B.A. King, K.C. Shellie
Computers and electronics in agriculture 2018 v.145 pp. 122-129
air temperature, canopy, cultivars, data collection, model validation, models, prediction, regression analysis, relative humidity, solar radiation, uncertainty, variance, water stress, wind speed, wine grapes
The calculation of a thermal based Crop Water Stress Index (CWSI) requires an estimate of canopy temperature under non-water stressed conditions (Tₙwₛ). The objective of this study was to assess the influence of different wine grape cultivars on the performance of models that predict Tₙwₛ. Stationary infrared sensors were used to measure the canopy temperature of the wine grape cultivars Malbec, Syrah, Chardonnay and Cabernet franc under well-watered conditions over multiple years and modeled as a function of climatic parameters – solar radiation, air temperature, relative humidity and wind speed using multiple linear regression and neural network modeling.
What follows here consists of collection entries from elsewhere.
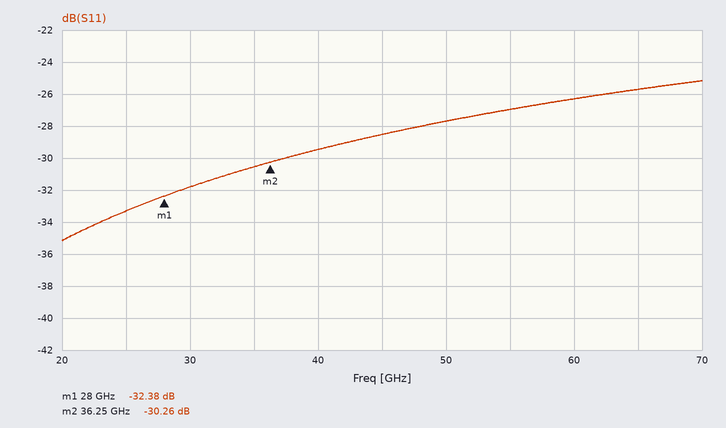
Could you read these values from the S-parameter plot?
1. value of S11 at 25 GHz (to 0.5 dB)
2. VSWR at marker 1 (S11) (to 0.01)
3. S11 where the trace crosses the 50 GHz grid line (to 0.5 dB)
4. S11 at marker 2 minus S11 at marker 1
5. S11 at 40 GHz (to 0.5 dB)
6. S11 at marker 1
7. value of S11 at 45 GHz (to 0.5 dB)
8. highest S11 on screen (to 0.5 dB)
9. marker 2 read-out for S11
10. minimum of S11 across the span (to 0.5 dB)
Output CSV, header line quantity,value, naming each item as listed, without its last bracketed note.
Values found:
quantity,value
value of S11 at 25 GHz,-33.5 dB
VSWR at marker 1 (S11),1.05
S11 where the trace crosses the 50 GHz grid line,-27.5 dB
S11 at marker 2 minus S11 at marker 1,2.12 dB
S11 at 40 GHz,-29.5 dB
S11 at marker 1,-32.38 dB
value of S11 at 45 GHz,-28.5 dB
highest S11 on screen,-25.0 dB
marker 2 read-out for S11,-30.26 dB
minimum of S11 across the span,-35.0 dB

Despite differences among cultivars in Tₙwₛ, both models provided good prediction results when all cultivars were collectively modeled. For all cultivars, prediction error variance was lower in neural network models developed from cultivar-specific datasets than regression models developed from multi-cultivar datasets. Overall, the cultivar-specific models had less prediction error variance than multi-cultivar models. Multi-cultivar models generally resulted in prediction bias whereas cultivar-specific models eliminated the prediction bias. All predictive models had an uncertainty of ±0.1 in calculation of the CWSI despite significantly different prediction error variance between models.